The Senate is concerned that the country reportedly loses over $120m annually due to overwhelming patronage of foreign shipping firms in the shipment of petroleum products.
According to The Punch, the upper chamber has, therefore, directed the Nigerian National Petroleum Corporation to initiate the processes of patronising and boosting the capacities of Indigenous shipping firms.
The Senate Committee on local content gave the directive after an investigative hearing is conducted with the NNPC management and Ship Owners Association of Nigeria.
The panel was told that the overwhelming preference for foreign firms had resulted in huge revenue losses including some $120m loss to demurrage, every year.
Chairman of the Comvessels, Teslim Folarin, after the meeting, directed that the NNPC should allow local ship owners to operate in the transportation of petroleum products
The committee equally stated that there was a need to help build capacities among indigenous shipping.

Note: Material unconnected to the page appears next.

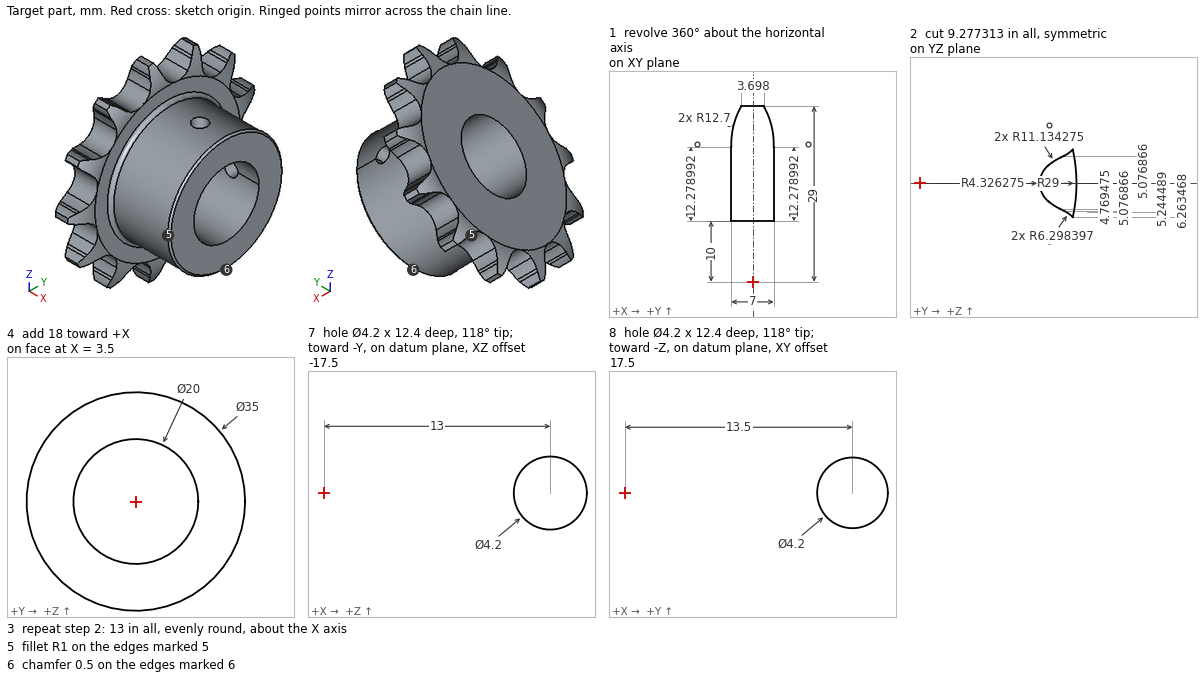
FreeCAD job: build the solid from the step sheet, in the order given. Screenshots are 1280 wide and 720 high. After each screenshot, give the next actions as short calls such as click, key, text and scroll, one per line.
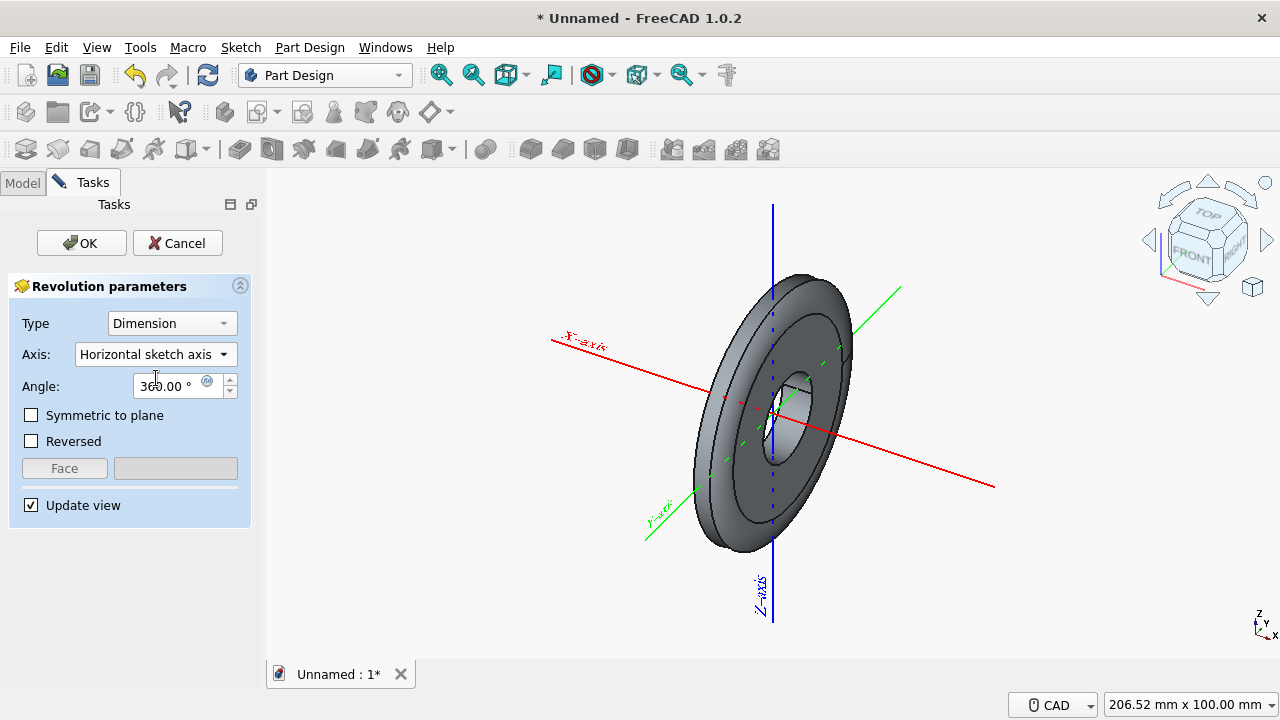
click(82, 243)

He said, “It is very important we patronise Indigenous shipping
“The whole essence of this investigative hearing is not to trade blames.
“We understand that they don’t have enough vessels; they don’t have capacity and capacity cannot come from heaven.
“The GMD here has the capacity to help build capacity. It is very important that we patronise indigenous shipping companies.”
The Senate panel lamented the disregard to the local content act which stipulated among others that local firms be encouraged in the conduct of businesses of any public company businesses.
A member of the committee, Senator Solomon Adeola, who is also the chairman of the Senate Committee on Finance, noted that the failure to carry indigenous shipping companies along had dealt a serious economic blow on the country.
Adeola dismissed submissions that Nigerians do not own vessels that could be patronised.
“There are local vessels owned by Nigerians, it depends on the type of vessels we are talking about. There are two types of vessels,” he added.
Group Managing Director, NNPC, Mele Kyari, informed the committee that there were no indigenous vessels to patronise.